En premier lieu, l'article 2 du projet de loi tend à instaurer la possibilité de céder le bail hors du cadre familial.
En second lieu, il vise à proposer une série de mesures, contreparties pour le bailleur, qui remettent largement en cause le statut du fermage.
En déposant cet amendement, nous avons souhaité exprimer notre opposition au projet de loi sur ces deux points.
Tout d'abord, en revenant sur l'interdiction posée par l'article L. 411-35 du code rural, le Gouvernement fait fi de l'importance de l'intuitus personae dans les relations entre le bailleur et le preneur.
Ainsi, le projet de loi interdit au bailleur, sauf paiement d'une indemnité, de conserver toute maîtrise de l'avenir et du choix de ses locataires. On sait combien il est important que le bailleur puisse choisir son locataire au regard, notamment, de la spécificité du bien qu'il loue.
Si nous dénonçons tout d'abord le principe de cessibilité du bail, nous dénonçons de la même façon les conséquences que le Gouvernement entend lui attacher.
En effet, les contreparties données aux bailleurs qui acceptent le caractère cessible des baux remettent largement en cause le statut du fermage. Notons d'ores et déjà que de larges compensations fiscales et financières leur sont par ailleurs aménagées par ce texte.
Premièrement, la possibilité d'augmenter le loyer jusqu'à 50 % lors de la cession du bail est une aberration au regard, notamment, de l'installation des jeunes agriculteurs.
Deuxièmement, le projet de loi prévoit une batterie de mesures en faveur de la précarisation du statut de fermier.
Tout d'abord, l'une de ses dispositions initiales tendait à réduire le préavis de dix-huit mois à douze mois. Sans la vigilance de certains députés, dont mon collègue et ami André Chassaigne, cette mesure aurait été entérinée sans soulever le moindre problème.
Ensuite, est remis en cause le caractère automatique du renouvellement du bail. Aujourd'hui, le bail dure neuf ans et il est renouvelable. Le Gouvernement propose une durée de dix-huit ans, avec un renouvellement garanti de cinq ans seulement. Autrement dit, le fermier pourra compter sur un bail de vingt-trois ans. Pensez-vous ainsi couvrir la totalité de sa vie professionnelle ? Ne sera-t-il pas obligé, dans certains cas, de passer d'une ferme à une autre ?
Enfin et surtout, le droit donné au bailleur de ne pas renouveler un bail, et ce sans justification, autrement dit sans faute, contre le versement d'une indemnité compensatrice de licenciement est un coup porté au statut du fermage.

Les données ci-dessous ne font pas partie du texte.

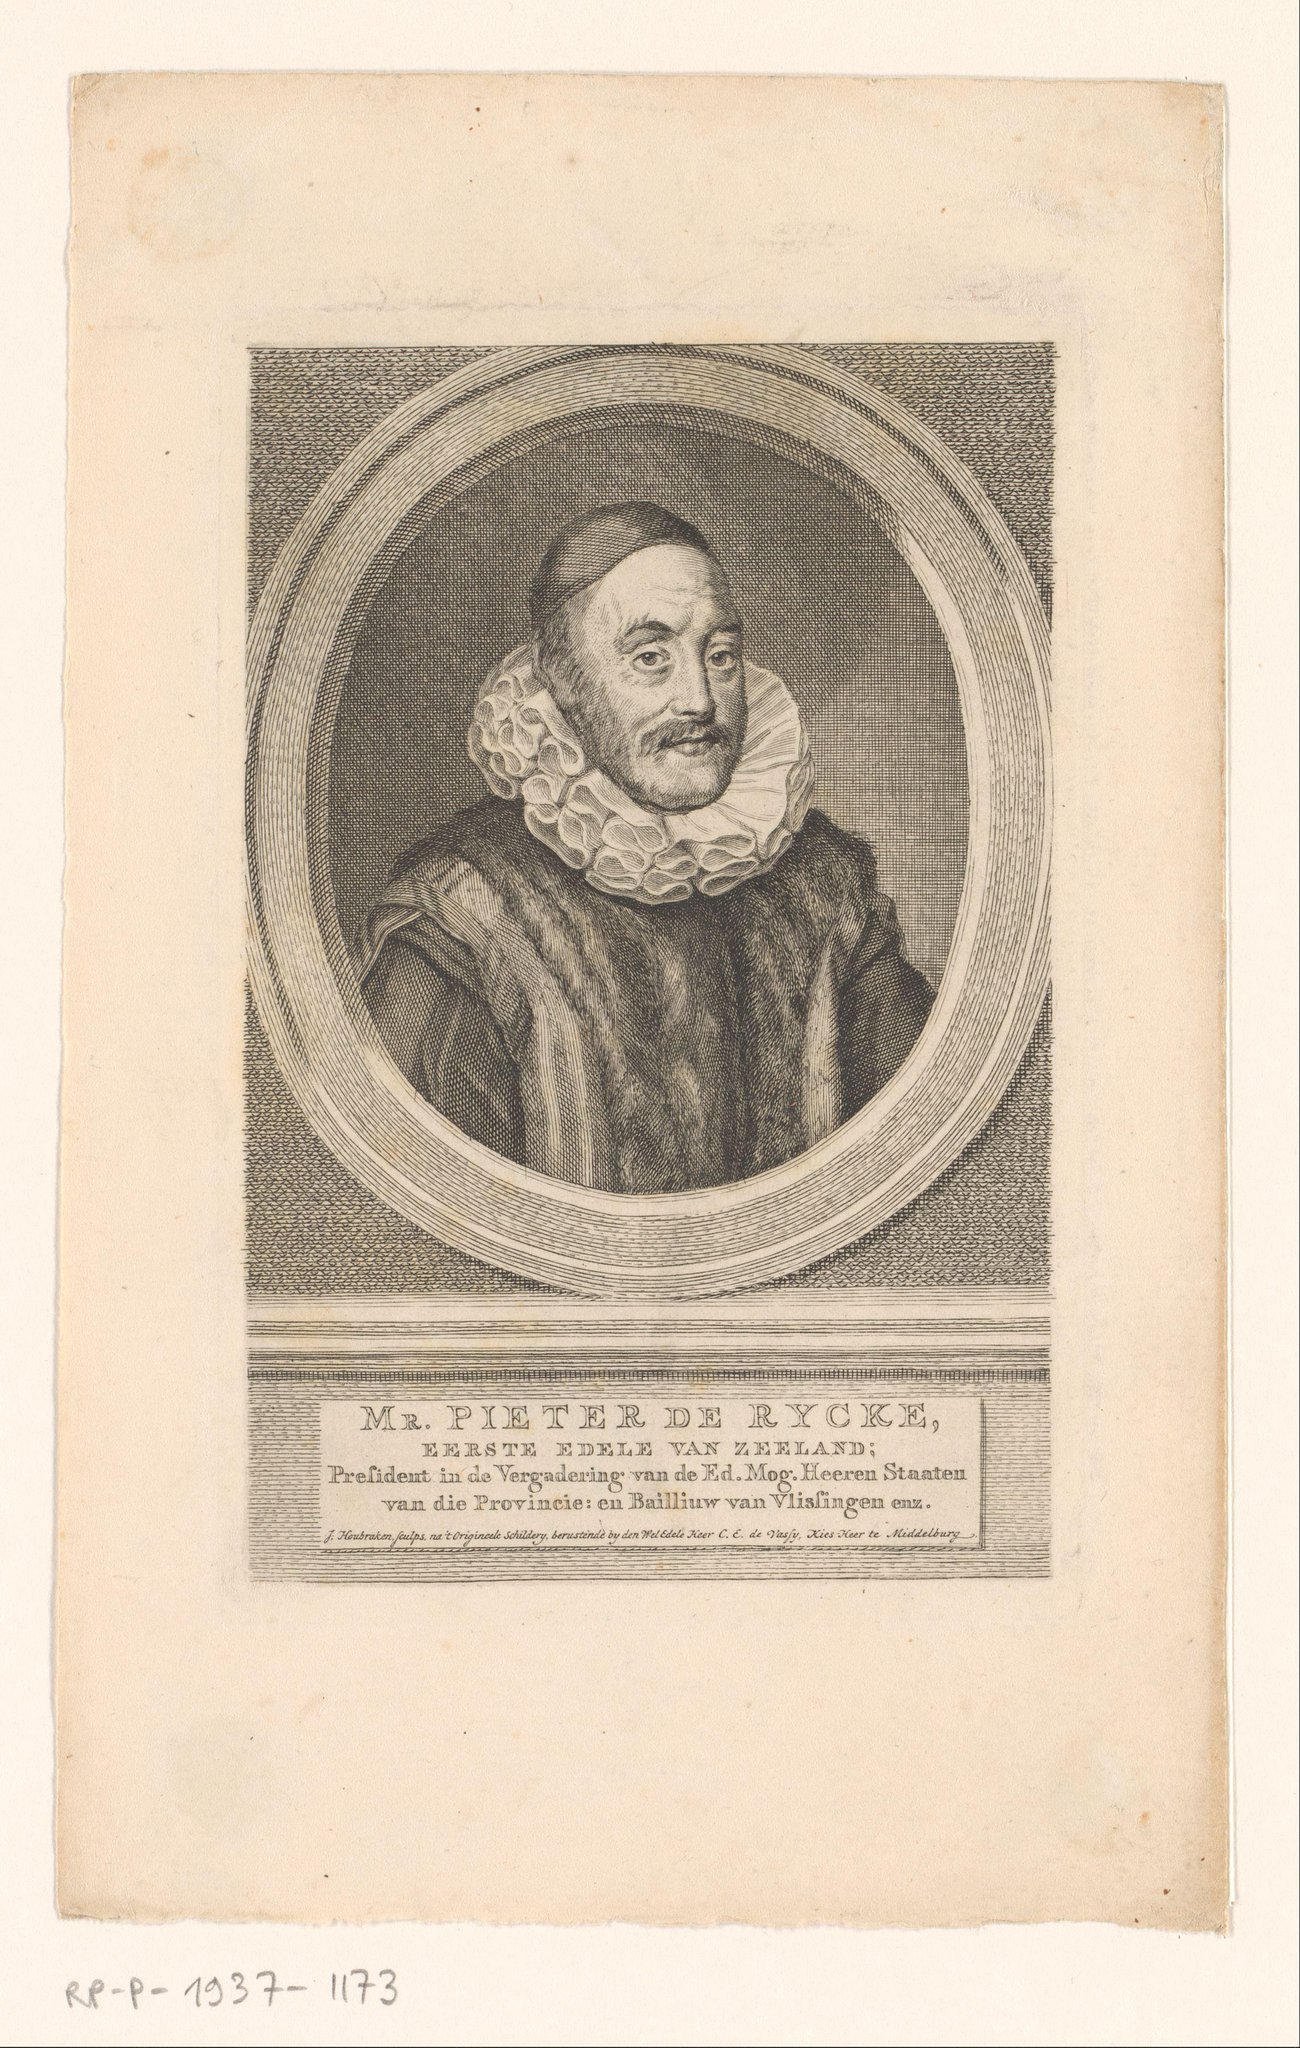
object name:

Nous ne remettons pas en cause le principe d'une indemnisation, mais nous nous opposons fermement à une disposition qui permet d'acheter le droit de rompre un tel contrat sans que le locataire ait commis une quelconque faute. Cette mesure est très grave au regard de la nature du contrat de fermage et des conséquences sociales dramatiques que peut avoir la rupture d'un tel contrat. On peut en effet imaginer que des agriculteurs français, européens ou extra-européens se livrent demain à des surenchères.
Aujourd'hui, le fermage est d'ordre public, ce qui veut dire qu'aucun contrat entre un bailleur et un preneur ne peut déroger au statut. Monsieur le ministre, en introduisant dans le projet de loi de telles dérogations, vous supprimez de fait cette protection. A terme, le droit des contrats classiques risque de s'imposer.
Pour toutes ces raisons, les sénateurs du groupe communiste citoyen et républicain demandent la suppression de l'article 2.